In your copy, reproduce each entry exactly and include no picture.

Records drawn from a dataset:
----
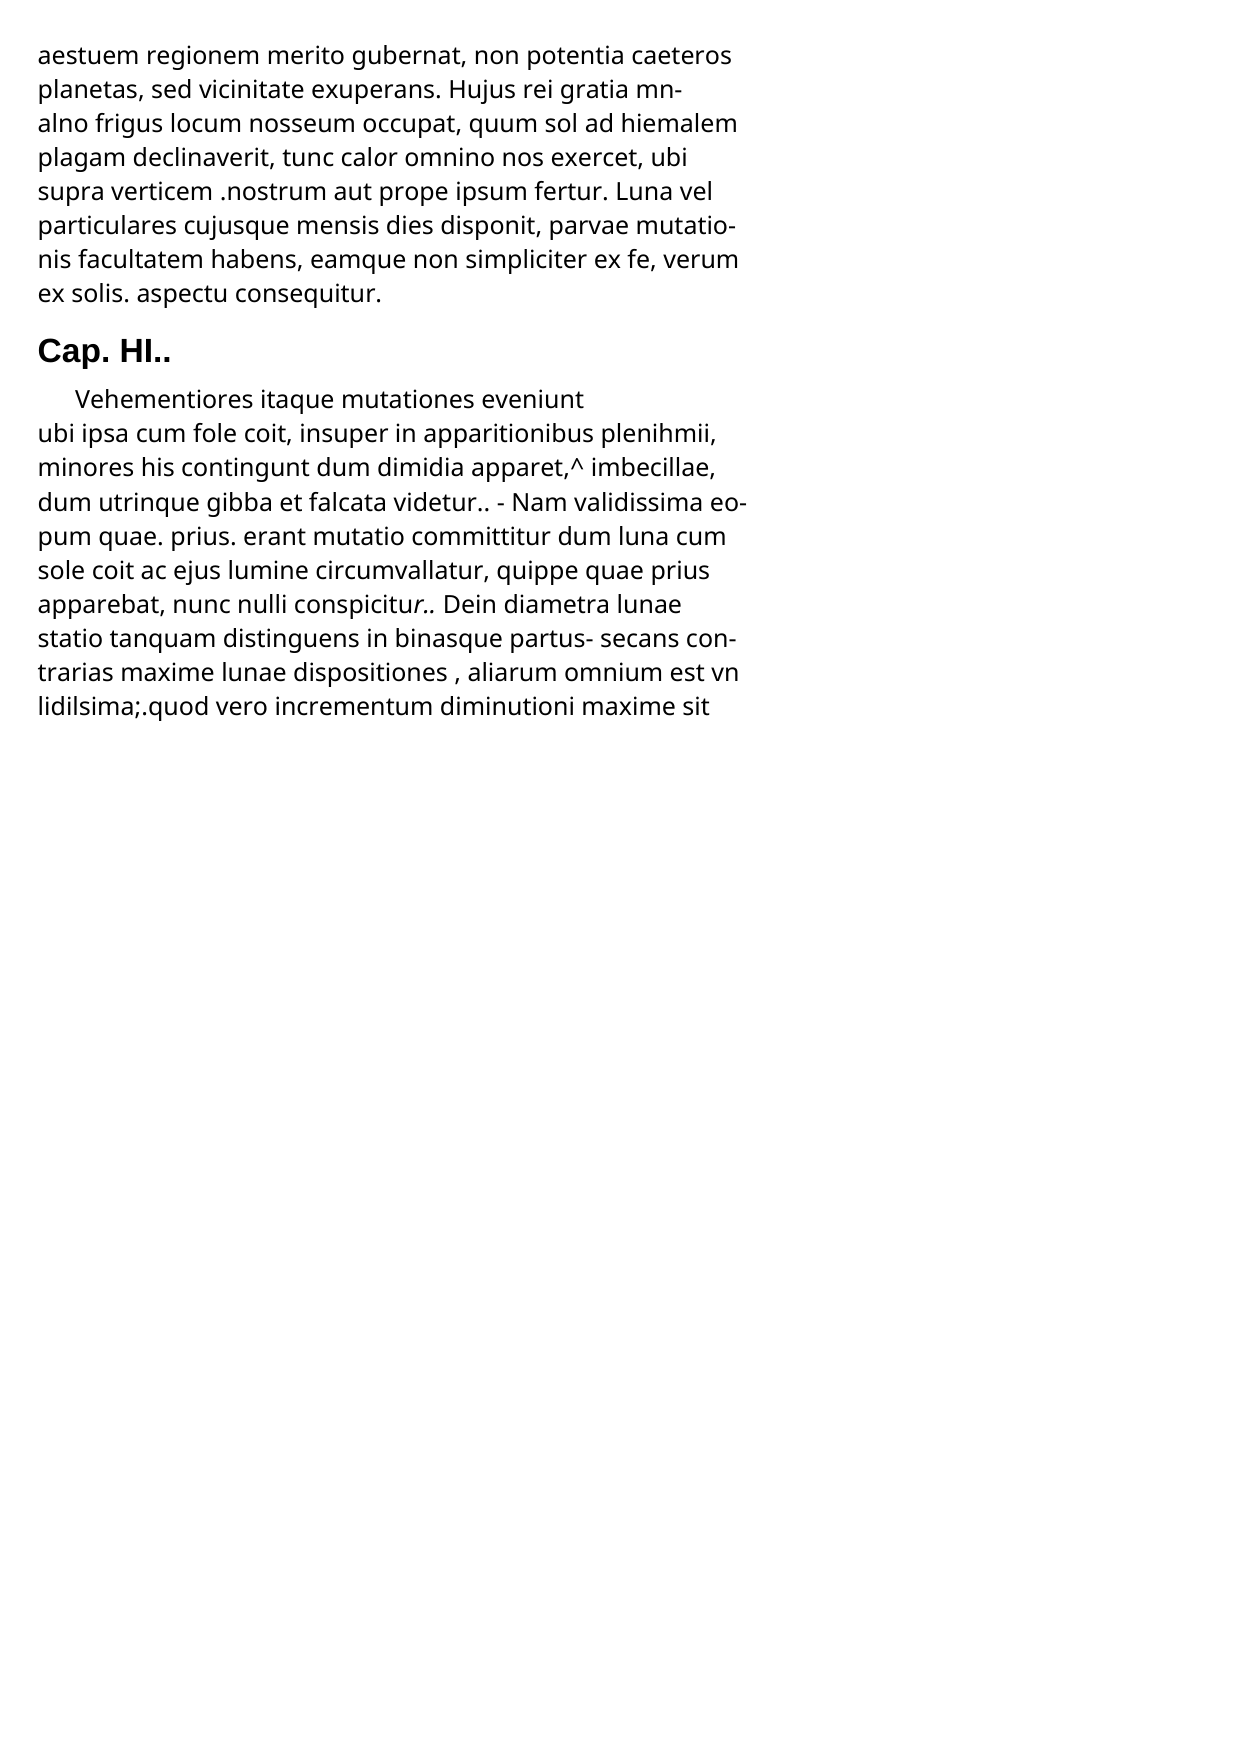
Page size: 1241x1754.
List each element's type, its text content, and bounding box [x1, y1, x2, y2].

text Vehementiores itaque mutationes eveniunt ubi ipsa cum fole coit, insuper in apparitionibus plenihmii, minores his contingunt dum dimidia apparet,^ imbecillae, dum utrinque gibba et falcata videtur.. - Nam validissima eo- pum quae. prius. erant mutatio committitur dum luna cum sole coit ac ejus lumine circumvallatur, quippe quae prius apparebat, nunc nulli conspicitur.. Dein diametra lunae statio tanquam distinguens in binasque partus- secans con- trarias maxime lunae dispositiones , aliarum omnium est vn lidilsima;.quod vero incrementum diminutioni maxime sit [37, 382, 1203, 723]
subtitle Cap. HI.. [37, 331, 1203, 369]
text aestuem regionem merito gubernat, non potentia caeteros planetas, sed vicinitate exuperans. Hujus rei gratia mn- alno frigus locum nosseum occupat, quum sol ad hiemalem plagam declinaverit, tunc calor omnino nos exercet, ubi supra verticem .nostrum aut prope ipsum fertur. Luna vel particulares cujusque mensis dies disponit, parvae mutatio- nis facultatem habens, eamque non simpliciter ex fe, verum ex solis. aspectu consequitur. [37, 37, 1203, 310]
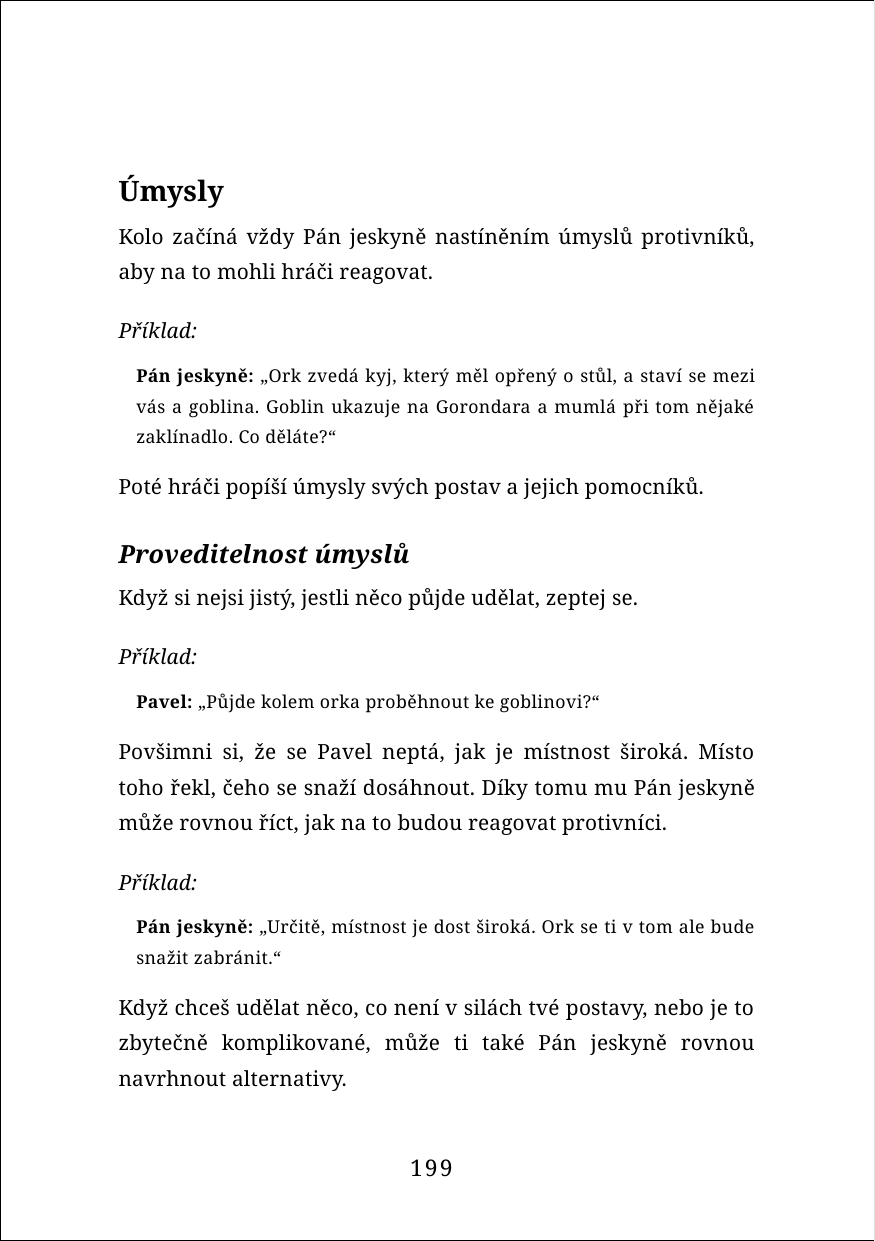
----
→ Solution to the problem
Page size: 1241x1754.
List each element's type, its text content, and bounding box [x1, y1, x2, y2].

text Vehementiores itaque mutationes eveniunt ubi ipsa cum fole coit, insuper in apparitionibus plenihmii, minores his contingunt dum dimidia apparet,^ imbecillae, dum utrinque gibba et falcata videtur.. - Nam validissima eo- pum quae. prius. erant mutatio committitur dum luna cum sole coit ac ejus lumine circumvallatur, quippe quae prius apparebat, nunc nulli conspicitur.. Dein diametra lunae statio tanquam distinguens in binasque partus- secans con- trarias maxime lunae dispositiones , aliarum omnium est vn lidilsima;.quod vero incrementum diminutioni maxime sit [37, 382, 1203, 723]
subtitle Cap. HI.. [37, 331, 1203, 369]
text aestuem regionem merito gubernat, non potentia caeteros planetas, sed vicinitate exuperans. Hujus rei gratia mn- alno frigus locum nosseum occupat, quum sol ad hiemalem plagam declinaverit, tunc calor omnino nos exercet, ubi supra verticem .nostrum aut prope ipsum fertur. Luna vel particulares cujusque mensis dies disponit, parvae mutatio- nis facultatem habens, eamque non simpliciter ex fe, verum ex solis. aspectu consequitur. [37, 37, 1203, 310]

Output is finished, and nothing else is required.